From this article by Chris Cook in The Guardian today, a quote from Paul Struthers, head of communications at the BHA
“We have responsibility for the fixture list but without any really significant power,” Struthers said, pointing out that Newmarket had been able to move its fixture from a weekday to the Saturday without having to obtain the BHA’s consent. “It has been well documented that that was almost too strong a day’s racing, particularly when looking at the Saturdays on either side of it.
“But Saturday is the most accessible day for people to go racing, to watch racing and to bet on racing. In the current climate, with the levy system broken and offshore bookmakers not paying towards it, racecourses have to try to maximise revenue.”
Paul you cannot expect to have any power when you effectively give away your only bargaining tool – fixtures. The BHA should now withdraw its claim that it ‘governs’ Racing. It might remain as regulator but will, I suspect, only be permitted to regulate according to the wishes of whatever ‘structure’ emerges from the unholy alliance of racecourses and The Horsemen.
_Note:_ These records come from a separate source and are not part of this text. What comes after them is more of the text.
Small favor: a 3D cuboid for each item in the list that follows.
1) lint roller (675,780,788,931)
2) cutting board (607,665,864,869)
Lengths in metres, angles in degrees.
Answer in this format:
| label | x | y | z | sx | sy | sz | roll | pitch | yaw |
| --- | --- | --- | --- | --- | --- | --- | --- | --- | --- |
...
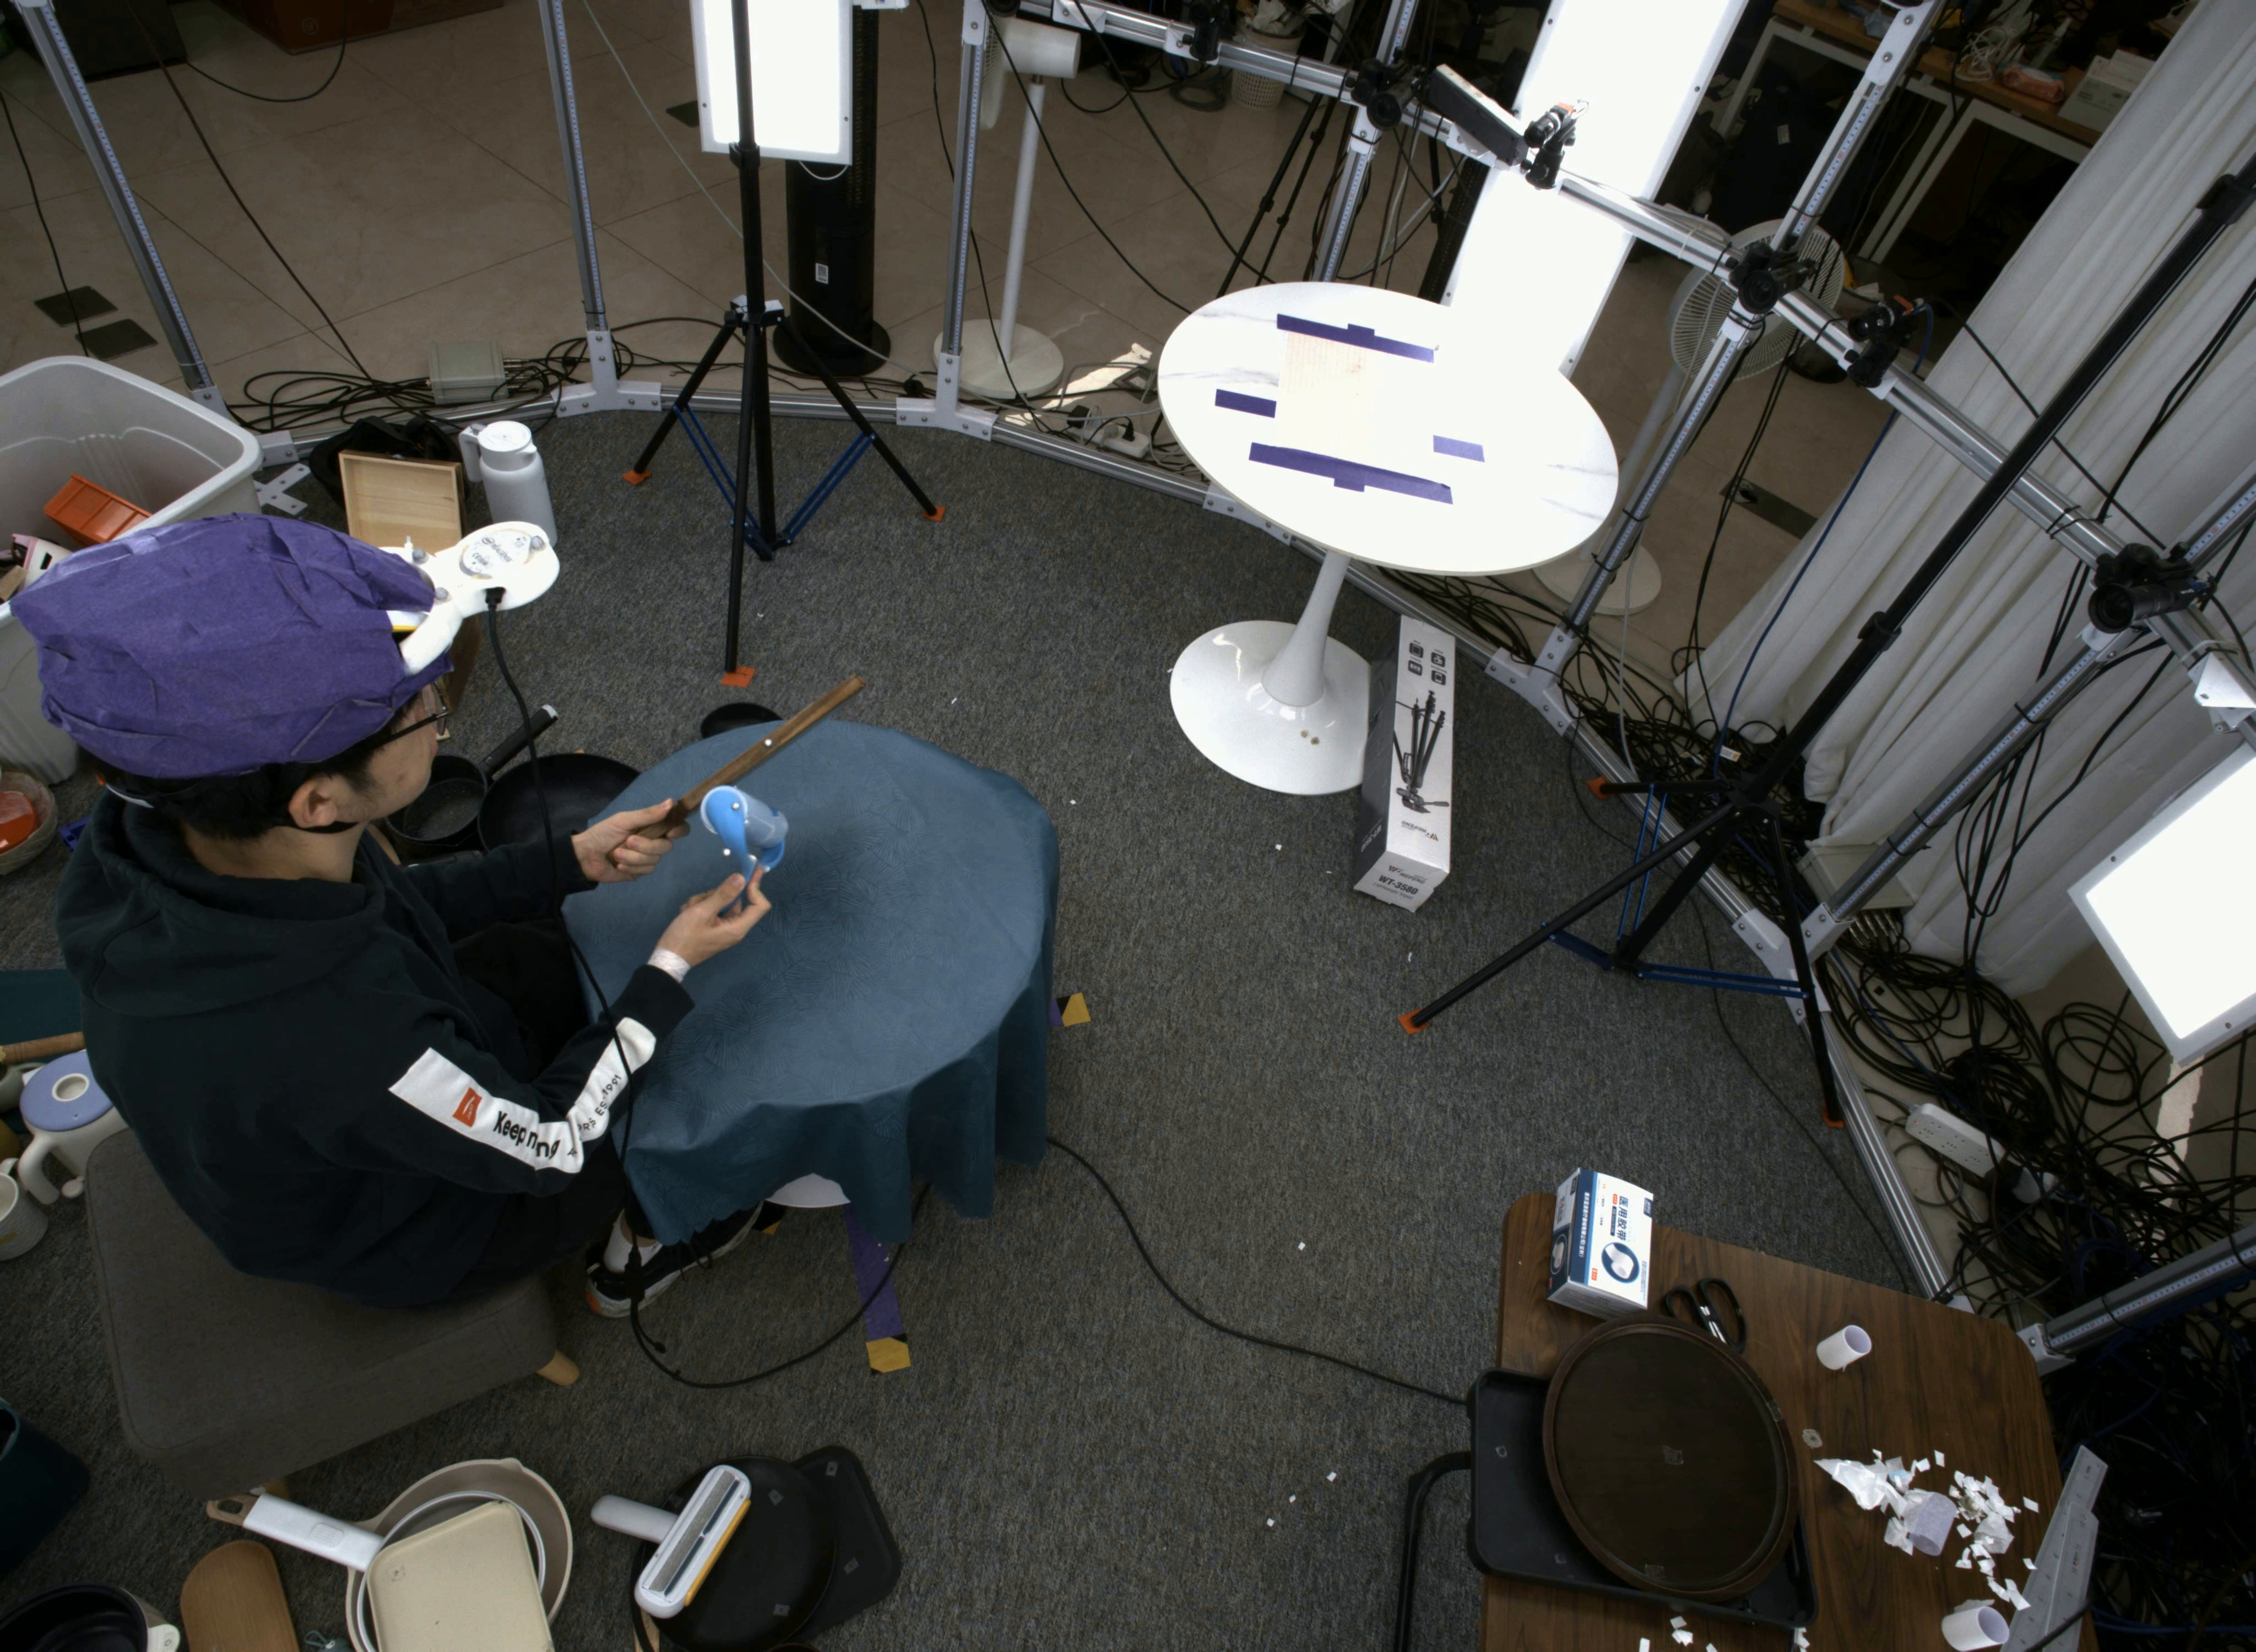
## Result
| label | x | y | z | sx | sy | sz | roll | pitch | yaw |
| --- | --- | --- | --- | --- | --- | --- | --- | --- | --- |
| lint roller | -0.460 | 0.043 | 1.490 | 0.067 | 0.229 | 0.181 | 20 | 87 | 0 |
| cutting board | -0.465 | -0.067 | 1.519 | 0.352 | 0.198 | 0.023 | -39 | 98 | -16 |

Paul Struthers has said that the BHA’s loss of control over fixtures has been historic – racecourses’ ‘rights’ to fixtures have also been cited as ‘historic’. The BHA claims to be the governing body; governments are allowed to change things. The BHA could have taken back full control of fixtures – the battle would have been worth it. Can you ever see the day the Premier League cedes fixture control to clubs?
The BHA had the chance to take back the power, instead it has chosen to surrender both power and responsibility to some as yet unknown new organisation comprising two bodies who’ve been at each other’s throats since tariffs were imposed by one of them – The Horsemen’s Group. What chance have these two of coming up with something that will sustain racing as we know it? None, is my guess.
I understand the surrender of fixtures control by the BHA is also requested in the submission from the Association of British Bookmakers regarding the Levy replacement. Well as the quote at the top shows, that has already happened – the first and key strike in the bookmakers’ divide and conquer strategy delivered without a drop of blood spilled.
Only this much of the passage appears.